Recent evidence has shown that the activation of tumor cell oncogenic pathways is associated with the immune-suppressive TME of “cold tumor”, which causes the potential for ICI therapy resistance. When the WNT pathway was activated, CCL4 expression is downregulated, resulting in decreased recruitment of BATF3 DCs to the TME (38). Also, the WNT pathway activation would cause decreased expression of CXCL9 and CXCL10, making CTLs not being able to recruit to the tumor region. Furthermore, Spranger et al. have found a negative correlation between CD8A expression and activation of the WNT signaling pathway via human metastatic carcinoma sample analysis (25). Direct injection of BATF3 DCs into the tumor region restored CXCL9 and CXCL10 expression and T-cell infiltration in WNT signaling pathway-positive tumors (39). Activation of the PI3K/AKT pathway could decrease autophagic activity by reducing the lipidation of the autophagosome protein LC3, which inhibits T-cell homing to the cancer site (40). A TCGA dataset analysis also revealed that the expression of T-cell effector molecules (like IFN-γ, granzyme B) was negatively correlated with the activation of the PI3K/AKT pathway in various carcinomas (40). Oncogenic K-RAS mutations might also contribute to tumor-promoting inflammation through the production of inhibitory cytokines (IL-6, IL-8, etc.), the activation of NLRP3 inflammasome, and the release of chemokines (CCL5, CCL9, etc.) (41). In addition, oncogenic MYC signaling could overexpress CD47 and PD-L1 on tumor cells. As a immune checkpoint, CD47 can attach to signal regulatory proteins α(SIRPα) on the surface of macrophages in the tumor microenvironment and deliver “don’t eat me” messages in order to evade immune surveillance (42, 43). Consequently, CD47 becomes an attractive target for immunotherapy. PD-L1 and CD47 are both highly expressed in tumor cells and can be simultaneously regulated by MYC. A high expression of MYC in tumor cells can regulate the tumor microenvironment by acting on innate immune cells and adaptive immune cells as well as cytokines, and activation of MYC can upregulate the expression of CD47 and PD-L1 leading to immunosuppression and tumor proliferation (MYC can directly act on the promoters of CD47 and PD-L1 and then regulate their mRNA and protein expression levels) (44).

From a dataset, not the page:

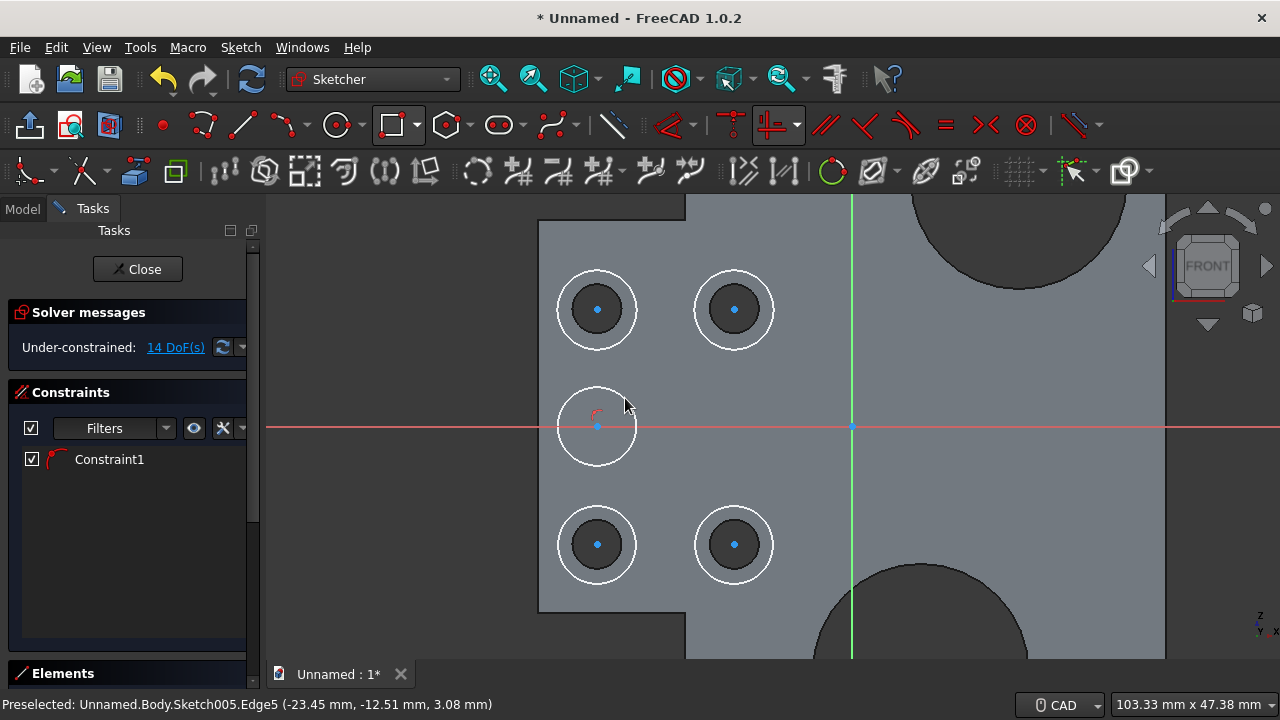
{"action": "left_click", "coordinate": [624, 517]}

The immunosuppressive cells at tumor sites could also prevent T-cell homing in “cold tumors”. For example, CXCL12, generated by cancer-associated fibroblasts (CAF), could inhibit T-cell infiltration in the tumor region (45). Moreover, CTLs could not reach the edge of “cold” tumors because they could be trapped within the stroma of the tumor or in the peri-tumoral tissue because of the unique immunosuppressive structure built by immunosuppressive cells, like tumor-associated macrophages (TAM), cancer-associated fibroblasts (CAF), regulatory T cells (Tregs), and myeloid-derived suppressor cells (MDSCs) (45) (Supplementary Figure S1).

Immune landscape of prostate cancer

Prostate cancer is considered to be a “cold” tumor as the tumor mutation burden is low, causing a lower number of T-cell infiltrations (46). Prostate cancer also presents a lot of hypoxic zones, which seriously affect the antitumor function of T cells by a variety of mechanisms including the depletion of essential nutrients, abnormal angiogenesis, increased expression of adenosine, acidic pH, immunosuppressive transforming growth factor β (TGF β), and upregulation of PD-L1 (47, 48). Moreover, hypoxic zones could attract immature myeloid cells into the tumor region and turn into myeloid-derived suppressor cells (MDSCs) and tumor-associated macrophages, making the TME of prostate cancer even more immunosuppressed (47). In fact, the immune cells that are part of the prostate tumor microenvironment are frequently characterized by an anergic and immunosuppressive phenotype and include regulatory T cells (Tregs), M2-polarized tumor-associated macrophages (TAMs), and myeloid-derived suppressor cells (MDSCs) (49).

Furthermore, the expression of major histocompatibility complex (MHC) class I, a molecule presenting antigenic protein fragments to cytotoxic T cells, is lost or diminished in prostate cancer (50, 51). Also, PTEN, whose existence could improve the immunosuppressive tumor microenvironment, is frequently downregulated (52), leading to a decrease in the response to immunotherapy in prostate cancer. Single-cell analysis revealed that CD4+ FOXP3+ CD25+ T cells and CD8+ FOXP3+ CD25+ T cells are the main T-cell types in prostate cancer. However, FOXP3+ T cells are immunosuppressive regulatory T cells that both inhibit naive T-cell proliferation and produce inhibitory cytokines, like IL-6 and IL-8 (53, 54).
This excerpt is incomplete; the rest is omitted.